Thank you very much for your detailed suggestions on how our work can be improved. We appreciate a lot and will respond to each point separately below.

[Optimality Assumption]

We respectfully would like to disagree with this point. Yes, we agree that the optimality assumption in forward modeling, i.e., in models from the perspective of the researcher, such as ideal observer, ideal actor, and ideal learner, is a very common one in perceptual decision-making, economic decision-making, motor control, and other cognitive tasks. We also fully agree that people are not always optimally tuned to the statistics of the task at hand, or act to only fulfill the instructed task. However, this is precisely the reason why we have developed methods for inverse decision-making to infer under which assumptions the behavior would have been optimal! Without revealing our identity, we have contributed to inverse modeling over the last twenty years precisely to address “real-world scenarios”. Using such methods, we could show that, indeed, human participants can have false beliefs and idiosyncratic subjective costs, which lead to systematic deviations from “optimal” behavior. Thus, the “suboptimality” can be explained in the inverse modeling framework. Therefore, optimality is not a weakness, but allows inferring the subjective parameters of behavior. We agree that the formulation of behavior as being rational needs careful modeling of the possible influences of individual subjects’ behavior, but inverse models in general, and the one we have developed here, make it possible to investigate the reasons for the deviations from “optimality”. We take this comment by the reviewer as motivation to extend the discussion of this point in the revised version of the manuscript and will mention relevant literature on the optimality versus suboptimality debate, e.g. in perceptual decision-making (Rahnev & Denison, 2018).

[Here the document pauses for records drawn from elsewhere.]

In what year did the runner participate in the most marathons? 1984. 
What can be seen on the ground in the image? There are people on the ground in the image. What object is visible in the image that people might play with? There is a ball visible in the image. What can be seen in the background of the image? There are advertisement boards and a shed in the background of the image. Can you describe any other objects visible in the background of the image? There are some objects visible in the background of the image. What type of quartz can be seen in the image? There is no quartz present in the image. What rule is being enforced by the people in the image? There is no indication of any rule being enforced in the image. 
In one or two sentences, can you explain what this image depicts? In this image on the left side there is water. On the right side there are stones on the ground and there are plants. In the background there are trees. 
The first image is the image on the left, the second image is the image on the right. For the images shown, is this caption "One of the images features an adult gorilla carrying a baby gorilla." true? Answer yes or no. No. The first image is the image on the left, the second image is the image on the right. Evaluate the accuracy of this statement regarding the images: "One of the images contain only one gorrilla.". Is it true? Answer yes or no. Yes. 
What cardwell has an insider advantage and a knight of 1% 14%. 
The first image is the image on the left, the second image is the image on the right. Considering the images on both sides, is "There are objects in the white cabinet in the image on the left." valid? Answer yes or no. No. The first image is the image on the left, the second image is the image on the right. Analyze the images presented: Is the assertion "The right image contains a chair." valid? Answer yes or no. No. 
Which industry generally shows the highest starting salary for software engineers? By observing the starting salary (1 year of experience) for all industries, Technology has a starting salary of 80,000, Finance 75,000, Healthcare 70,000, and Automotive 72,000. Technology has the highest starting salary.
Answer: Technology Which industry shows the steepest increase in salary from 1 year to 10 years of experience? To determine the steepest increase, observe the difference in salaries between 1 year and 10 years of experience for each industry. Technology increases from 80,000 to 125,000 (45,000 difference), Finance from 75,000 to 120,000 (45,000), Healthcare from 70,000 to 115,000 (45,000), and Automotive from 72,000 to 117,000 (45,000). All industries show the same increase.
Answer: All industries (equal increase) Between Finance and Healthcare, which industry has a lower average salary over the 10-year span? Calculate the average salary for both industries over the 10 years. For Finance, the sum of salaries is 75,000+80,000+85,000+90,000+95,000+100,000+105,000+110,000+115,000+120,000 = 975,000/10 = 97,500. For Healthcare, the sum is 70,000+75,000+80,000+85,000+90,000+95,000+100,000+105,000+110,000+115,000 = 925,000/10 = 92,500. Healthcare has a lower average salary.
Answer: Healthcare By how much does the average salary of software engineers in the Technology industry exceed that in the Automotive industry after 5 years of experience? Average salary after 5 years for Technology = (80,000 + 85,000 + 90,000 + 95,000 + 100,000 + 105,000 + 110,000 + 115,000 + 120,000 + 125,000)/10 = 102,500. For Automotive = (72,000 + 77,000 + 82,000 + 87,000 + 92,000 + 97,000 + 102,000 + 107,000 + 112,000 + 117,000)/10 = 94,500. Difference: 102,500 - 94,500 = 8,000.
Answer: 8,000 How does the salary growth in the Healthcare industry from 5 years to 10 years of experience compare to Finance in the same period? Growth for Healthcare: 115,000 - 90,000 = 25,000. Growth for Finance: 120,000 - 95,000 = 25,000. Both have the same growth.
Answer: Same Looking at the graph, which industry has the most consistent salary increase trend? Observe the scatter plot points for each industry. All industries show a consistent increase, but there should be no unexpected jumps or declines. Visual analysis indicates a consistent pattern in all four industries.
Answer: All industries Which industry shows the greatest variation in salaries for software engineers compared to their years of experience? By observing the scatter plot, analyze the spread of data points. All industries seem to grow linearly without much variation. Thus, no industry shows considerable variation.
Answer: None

[Reparameterization Trick]

For all models with continuous responses we are aware of, and for all related work cited in the paper, exponential family or other distributions amenable to the reparameterization trick should work. In our view, this covers an enormous amount of behavioral experiments in psychology, cognitive science, and neuroscience, including motor control. Thus, the developed methods should be exceedingly useful to the scientific community. If there are relevant models we have missed, it would be great if you could please name examples from the literature. In such cases, recently developed methods for computing gradients of more general probabilistic programs without the reparameterization trick will be useful to compute the gradient of the expected loss (e.g. Lew et al. 2023; https://dl.acm.org/doi/abs/10.1145/3571198).

[Overall presentation & figures]

Thank you for raising the questions about our figures and labels below. We respond to them one by one and will revise our paper accordingly. We have thoroughly revised the figures also with the points raised below.

[[Figure 2A - Posterior Predictive]]

Sorry about the confusion in the legend of Fig. 2A. The shaded area is a posterior predictive distribution over the responses performed by the subject, given their actually observed responses. We will rename it as $p(r_{pred} \mid s, r)$ in the revised version.

[[Figure 2B - Missing label]]

Yes, sorry for omitting the label! This is the marginal distribution of $\sigma_0$. The y-axis will be labeled $p(\sigma_0)$. We will adjust all labels of marginal distributions accordingly.

[[Figure 2C - x-axis labels]]

Thank you, we provided separate labels on the x-axis for the analytical and the NN model, but recognize that this is hard to see. We will separate the two labels “nn” and “analytical” more clearly to avoid confusion.

[[Figure 3B - Asymmetry Parameter]]

Yes, thank you for catching this! And sorry, it should indeed have been $\alpha$ also in the caption.

[[Figures 3B, 3C, 4]]

Thank you. These are good suggestions, which we will use in the revised version.